— Хорошо.
— И, — он чуть наклонил подбородок к иконе, — лампадку зажгите, если будете обратно. У командира — суеверие.
— Зажгу.
III
Я расписался в ведомости перочинкой Самойлова (карандаш у него всегда заточенный с двух сторон — не для отчёта, а для скорости), вышел в сени и зажёг лампадку у иконы. Масло прозрачное, фитиль свежий; огонёк взялся сразу и не дрогнул. Я опустил подбородок Николаю Угоднику не из своего регистра — из полкового; так делают, когда лампадку гасят чужой рукой и потом возвращают.

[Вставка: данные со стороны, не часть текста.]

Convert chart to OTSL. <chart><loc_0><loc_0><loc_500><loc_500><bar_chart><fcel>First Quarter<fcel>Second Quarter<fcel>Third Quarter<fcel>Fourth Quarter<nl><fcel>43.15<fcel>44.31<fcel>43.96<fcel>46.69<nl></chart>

Жест встал на старое место без усилия.
Лампадка в сенях у Добрынина была привезена сюда вместе с иконой, ещё с турецкой. Об этом в полку рассказывали по-разному: одни говорили, что её брали с собой через Дунай в семьдесят седьмом году в кожаной сумке поверх седла; другие — что она появилась позже, на Балканах, когда полк получил знамя. Правды я не знал. Сегодня важно было одно: огонёк стоит. По обозному поверью, который у нас в полку держали мало, но молча, лампадка под икону зажигается перед уходом и горит до следующего привала. Двадцать восьмое было послезавтра; огонёк, по этому счёту, должен был догореть к тому утру или чуть раньше. Это, видимо, считалось правильным.

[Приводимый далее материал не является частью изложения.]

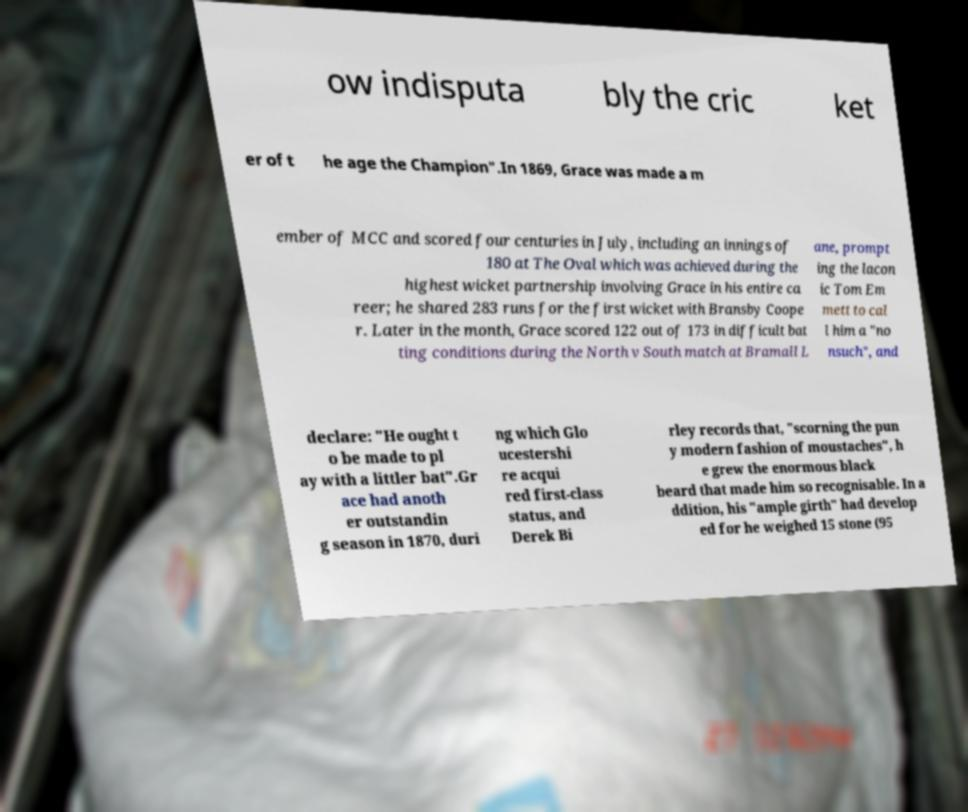Please identify and transcribe the text found in this image. ow indisputa bly the cric ket er of t he age the Champion".In 1869, Grace was made a m ember of MCC and scored four centuries in July, including an innings of 180 at The Oval which was achieved during the highest wicket partnership involving Grace in his entire ca reer; he shared 283 runs for the first wicket with Bransby Coope r. Later in the month, Grace scored 122 out of 173 in difficult bat ting conditions during the North v South match at Bramall L ane, prompt ing the lacon ic Tom Em mett to cal l him a "no nsuch", and declare: "He ought t o be made to pl ay with a littler bat".Gr ace had anoth er outstandin g season in 1870, duri ng which Glo ucestershi re acqui red first-class status, and Derek Bi rley records that, "scorning the pun y modern fashion of moustaches", h e grew the enormous black beard that made him so recognisable. In a ddition, his "ample girth" had develop ed for he weighed 15 stone (95

На крыльце меня ждал Ржевский.
Он стоял в шинели, без шарфа поверх (он шарф жены носил только в землянке, не на службе); левая рука в кармане, правая на перилах. Лицо без выражения, какое у него за зимовку стало служебным.
— Ваше высокоблагородие.
— Сергей Николаич. Сдали?
— Сдали.
— Передайте Ковальчуку: у меня в одиннадцать — у него. По моей с ним по второму батальону пройдёт за час. По вашей четвёртой — я сам спущусь к вам в полдень.
— Слушаюсь.
— И, — он подождал, пока я сделаю шаг к крыльцу, не больше. — Вчерашнее — не берите в дорогу. Людям сейчас не это нужно.
— Не возьму.
— Идите.
Он не сказал больше ни слова. Я понял: он знает про мой подпоручик и понимает, что и Добрынин мне сегодня сказал. Их между собой согласие не требовало моего ответа.
IV
Ковальчук был не у себя, в штабе батальона, но шёл по тропе мне навстречу: Самойлов, видимо, уже выпустил вестника. Мы остановились на углу хода сообщения, под низким буком.
— Серёга.
— Кирилл.
— Что у Иван Фёдорыча?
— Приказ. Двадцать восьмого сдача. Под Перемышль на блокадную.
— От же ж, — он покрутил коротко папиросой за правым ухом, не вынимая её оттуда. — Ну, давно ждали. Идём ко мне на пять минут. Чая.
Мы пришли к нему в ротную землянку — ту самую, с печкой-буржуйкой, с двумя топчанами, с шинелью Ковальчука на крюке у двери. Я знал эту землянку с январских дней, я знал в ней каждую щель в досках перегородки. Ковальчук поставил чайник на печь, сел на свой топчан, я — на ящик у стола. Печь шла. Папироса у него за ухом так и оставалась незажжённой.